If you encounter the following error:

libbpf: failed to determine tracepoint 'syscalls/sys_enter_read' perf event ID: No such file or directory
libbpf: prog 'trace_enter_read': failed to create tracepoint 'syscalls/sys_enter_read' perf event: No such file or directory
libbpf: prog 'trace_enter_read': failed to auto-attach: -2

It indicates that debugfs is not mounted. You can mount it with the following command:

sudo mount -t debugfs none /sys/kernel/debug

Output directory

The demo-result directory will look like (obtained from examples/simple.toml):

/tmp/test/
├── dd
│   ├── gramine-sgx
│   │   └── dd-1-64M-untrusted
│   │       ├── 1
│   │       │   ├── io.csv
│   │       │   ├── package-0-core.csv
│   │       │   ├── package-0.csv
│   │       │   ├── package-0-dram.csv
│   │       │   ├── package-0-uncore.csv
│   │       │   ├── perf.csv
│   │       │   ├── stderr
│   │       │   └── stdout
│   │       ├── 2
│   │       │   ├── io.csv
│   │       │   ├── package-0-core.csv
│   │       │   ├── package-0.csv
│   │       │   ├── package-0-dram.csv
│   │       │   ├── package-0-uncore.csv
│   │       │   ├── perf.csv
│   │       │   ├── stderr
│   │       │   └── stdout
│   │       ├── dd.manifest.sgx
│   │       ├── dd.sig
│   │       ├── encrypted
│   │       └── untrusted
│   │           └── a.zero
│   └── no-gramine-sgx
│       └── dd-1
│           ├── 1
│           │   ├── io.csv
│           │   ├── package-0-core.csv
│           │   ├── package-0.csv
│           │   ├── package-0-dram.csv
│           │   ├── package-0-uncore.csv
│           │   ├── perf.csv
│           │   ├── stderr
│           │   └── stdout
│           ├── 2
│           │   ├── io.csv
│           │   ├── package-0-core.csv
│           │   ├── package-0.csv
│           │   ├── package-0-dram.csv
│           │   ├── package-0-uncore.csv
│           │   ├── perf.csv
│           │   ├── stderr
│           │   └── stdout
│           └── storage
│               └── a.zero
├── private_key.pem
└── sleep
    ├── gramine-sgx
    │   └── sleep-1-64M-untrusted
    │       ├── 1
    │       │   ├── io.csv
    │       │   ├── package-0-core.csv
    │       │   ├── package-0.csv
    │       │   ├── package-0-dram.csv
    │       │   ├── package-0-uncore.csv
    │       │   ├── perf.csv
    │       │   ├── stderr
    │       │   └── stdout
    │       ├── 2
    │       │   ├── io.csv
    │       │   ├── package-0-core.csv
    │       │   ├── package-0.csv
    │       │   ├── package-0-dram.csv
    │       │   ├── package-0-uncore.csv
    │       │   ├── perf.csv
    │       │   ├── stderr
    │       │   └── stdout
    │       ├── encrypted
    │       ├── sleep.manifest.sgx
    │       ├── sleep.sig
    │       └── untrusted
    └── no-gramine-sgx
        └── sleep-1
            ├── 1
            │   ├── io.csv
            │   ├── package-0-core.csv
            │   ├── package-0.csv
            │   ├── package-0-dram.csv
            │   ├── package-0-uncore.csv
            │   ├── perf.csv
            │   ├── stderr
            │   └── stdout
            ├── 2
            │   ├── io.csv
            │   ├── package-0-core.csv
            │   ├── package-0.csv
            │   ├── package-0-dram.csv
            │   ├── package-0-uncore.csv
            │   ├── perf.csv
            │   ├── stderr
            │   └── stdout
            └── storage

Workload File

The application takes a toml file as input and performs sequential benchmarks.

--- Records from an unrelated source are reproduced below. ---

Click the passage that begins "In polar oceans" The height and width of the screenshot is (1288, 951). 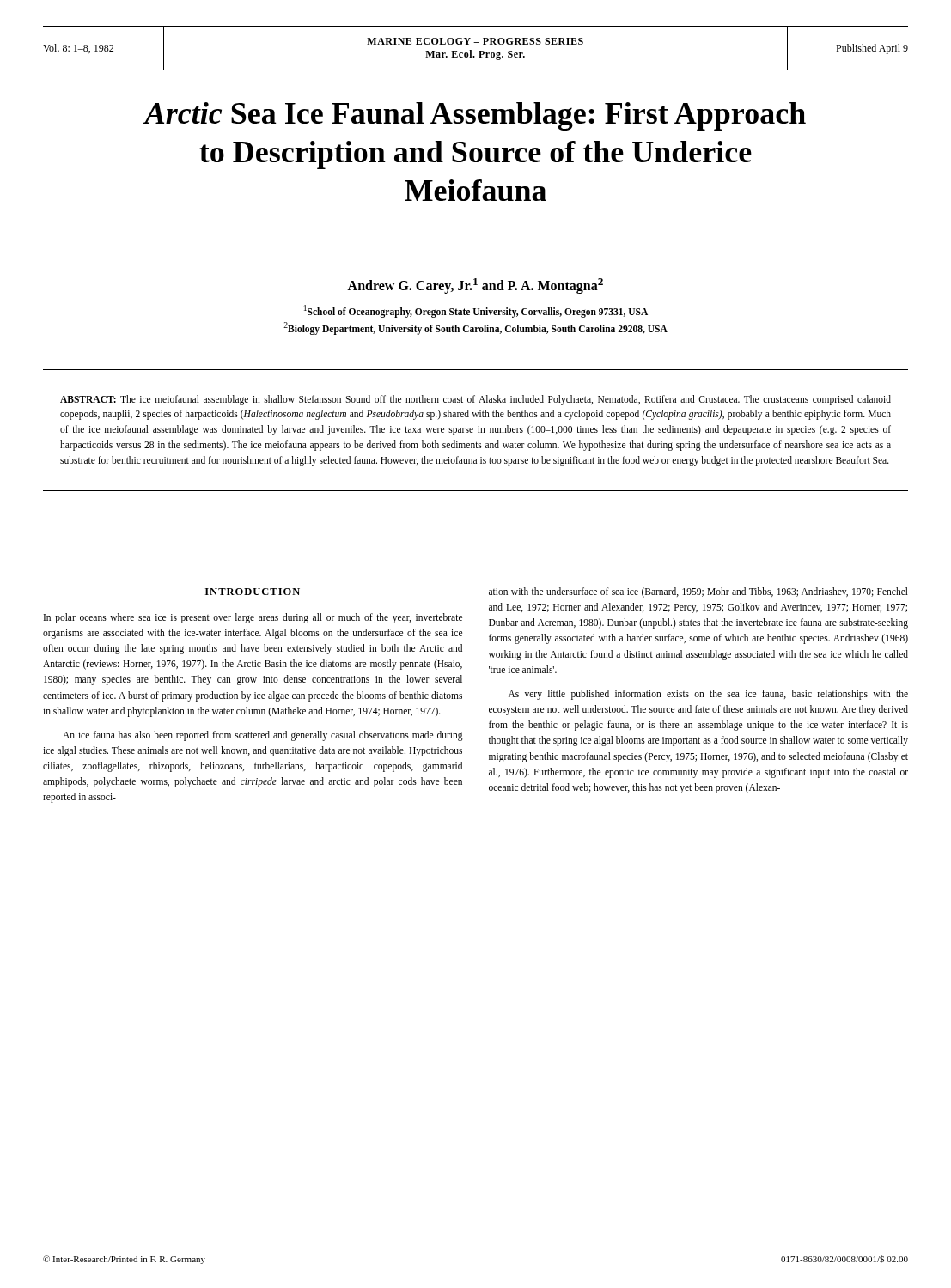point(253,707)
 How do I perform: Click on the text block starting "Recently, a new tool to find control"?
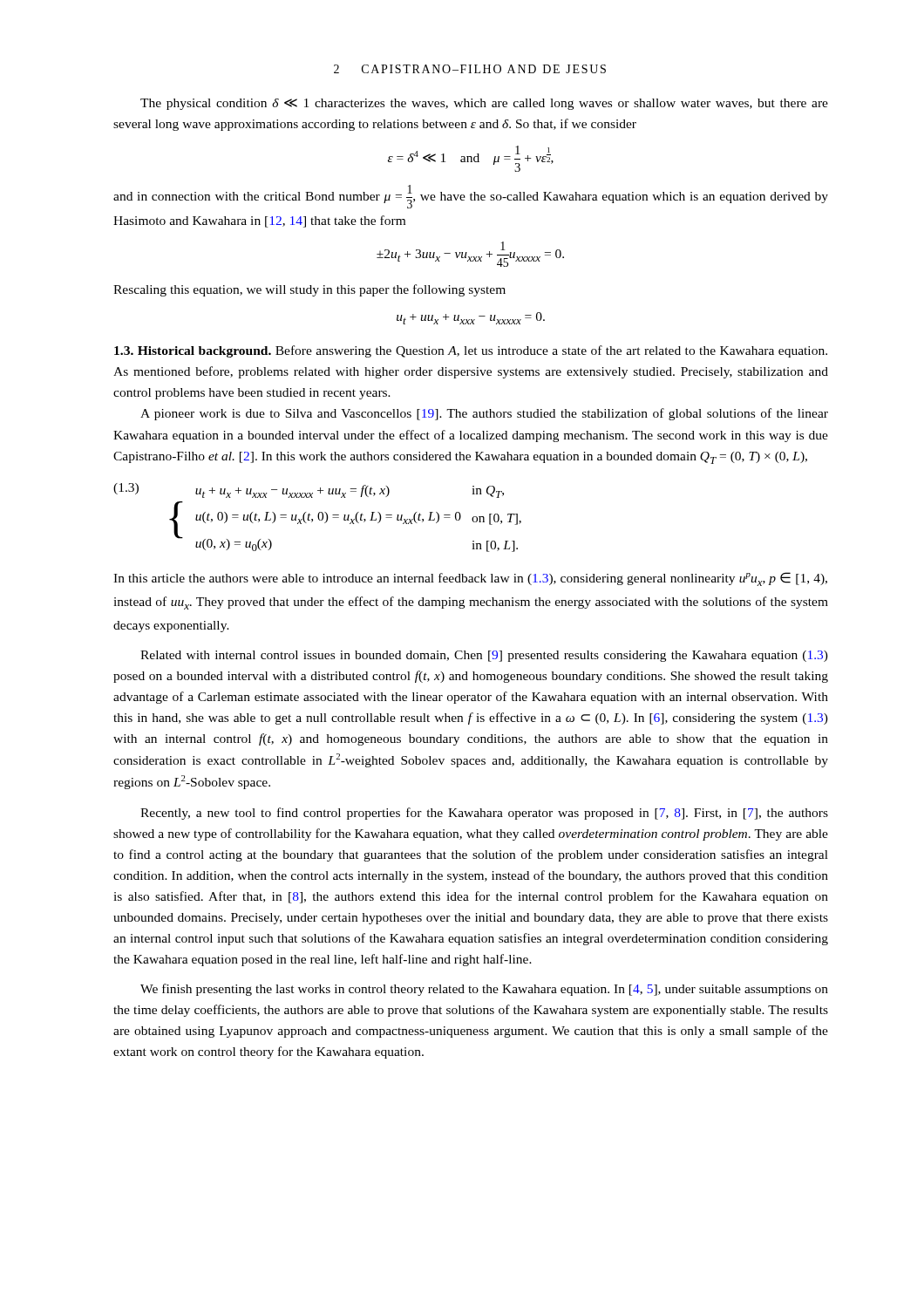click(x=471, y=886)
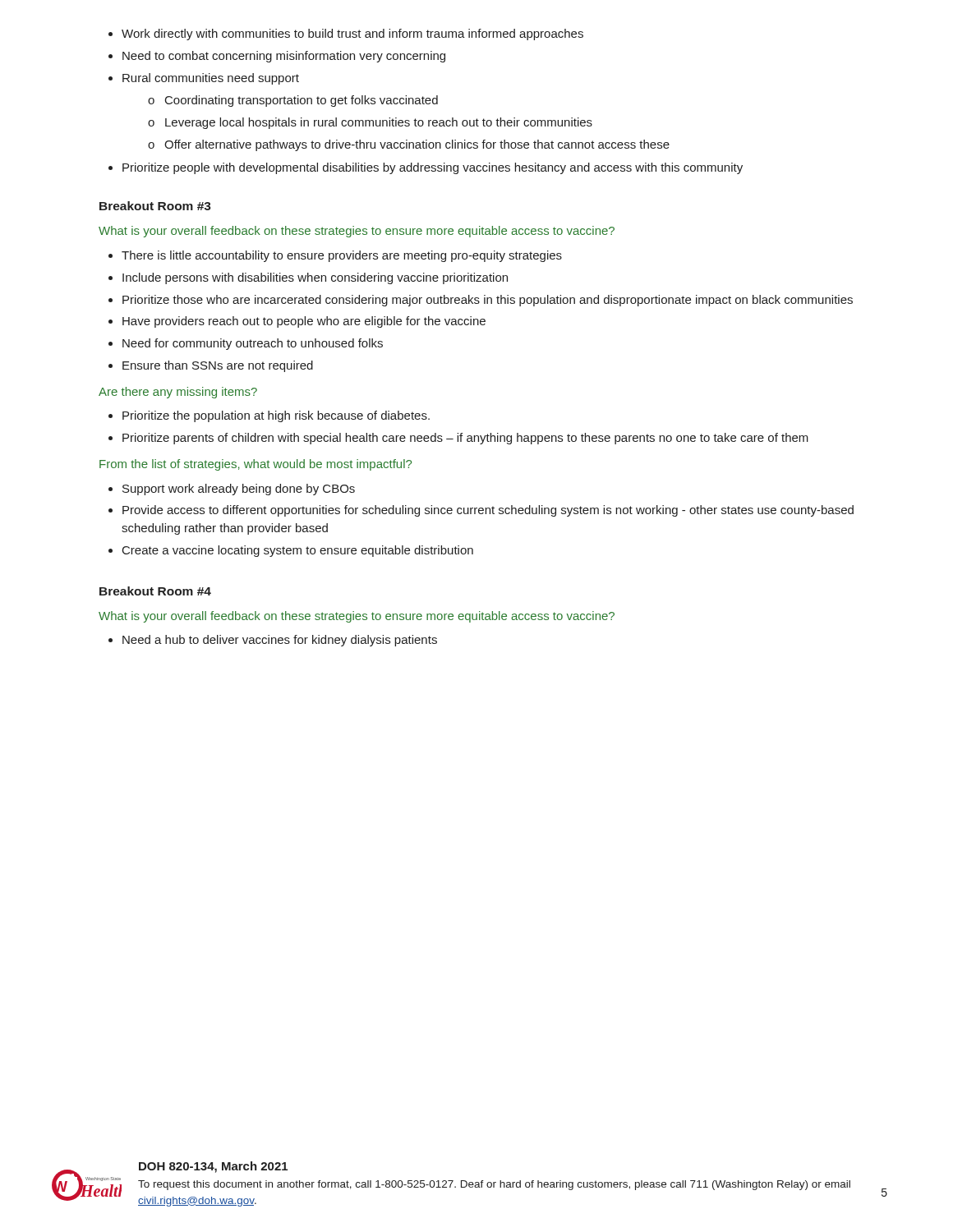953x1232 pixels.
Task: Where is the passage that starts "Work directly with communities to build trust and"?
Action: [x=346, y=34]

Example files are stored in the examples directory. Below is examples/demo.toml:

[globals]
sample_size = 1
output_directory = "demo-result"
extra_perf_events = ["cpu-clock"]
debug = false
deep_trace = true

[[tasks]]
executable = "/usr/bin/sysbench"
args = ["--threads={{ num_threads }}", "run", "cpu"]
enclave_size = ["1G"]
num_threads = [1, 2, 4]
env = { OMP_NUM_THREADS = "{{num_threads}}" }

[[tasks]]
executable = "/bin/dd"
args = ["if=/dev/random", "of={{ output_directory }}/a.random", "count=1000000"]
storage_type = ["encrypted", "untrusted"]
enclave_size = ["256M", "512M"]

post_run_executable = "rm"
post_run_args = ["-rf", "{{ output_directory }}/a.random"]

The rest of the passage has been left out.